START RECORDS FOR PROCESSING

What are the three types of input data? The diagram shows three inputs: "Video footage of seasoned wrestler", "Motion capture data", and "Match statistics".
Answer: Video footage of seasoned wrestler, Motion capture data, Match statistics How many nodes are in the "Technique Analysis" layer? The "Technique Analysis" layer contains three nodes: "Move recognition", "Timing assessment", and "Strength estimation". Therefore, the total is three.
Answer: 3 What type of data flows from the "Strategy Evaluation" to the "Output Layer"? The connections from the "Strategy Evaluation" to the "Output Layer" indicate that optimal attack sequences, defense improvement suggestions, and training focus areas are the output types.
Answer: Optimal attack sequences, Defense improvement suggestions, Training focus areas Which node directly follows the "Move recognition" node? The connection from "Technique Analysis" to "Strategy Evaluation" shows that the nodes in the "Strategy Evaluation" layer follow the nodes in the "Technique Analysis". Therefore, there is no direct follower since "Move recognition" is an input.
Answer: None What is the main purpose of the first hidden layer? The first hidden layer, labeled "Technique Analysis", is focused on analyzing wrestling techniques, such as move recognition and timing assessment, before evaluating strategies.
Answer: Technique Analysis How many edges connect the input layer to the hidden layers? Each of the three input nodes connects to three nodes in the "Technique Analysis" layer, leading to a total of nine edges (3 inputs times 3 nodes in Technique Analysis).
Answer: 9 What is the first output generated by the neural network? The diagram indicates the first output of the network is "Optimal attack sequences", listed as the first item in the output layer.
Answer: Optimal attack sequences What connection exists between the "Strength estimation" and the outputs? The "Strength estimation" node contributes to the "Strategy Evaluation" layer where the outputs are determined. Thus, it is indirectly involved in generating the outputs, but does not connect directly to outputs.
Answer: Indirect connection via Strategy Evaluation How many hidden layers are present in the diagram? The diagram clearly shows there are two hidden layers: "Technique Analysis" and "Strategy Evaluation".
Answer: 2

END RECORDS FOR PROCESSING

WHAT YOU WILL DO
Take the line containing "Answer: Technique Analysis" as the start and the last line of the data as the end, and reproduce that range exactly.

EXERCISE SOLUTION
Answer: Technique Analysis How many edges connect the input layer to the hidden layers? Each of the three input nodes connects to three nodes in the "Technique Analysis" layer, leading to a total of nine edges (3 inputs times 3 nodes in Technique Analysis).
Answer: 9 What is the first output generated by the neural network? The diagram indicates the first output of the network is "Optimal attack sequences", listed as the first item in the output layer.
Answer: Optimal attack sequences What connection exists between the "Strength estimation" and the outputs? The "Strength estimation" node contributes to the "Strategy Evaluation" layer where the outputs are determined. Thus, it is indirectly involved in generating the outputs, but does not connect directly to outputs.
Answer: Indirect connection via Strategy Evaluation How many hidden layers are present in the diagram? The diagram clearly shows there are two hidden layers: "Technique Analysis" and "Strategy Evaluation".
Answer: 2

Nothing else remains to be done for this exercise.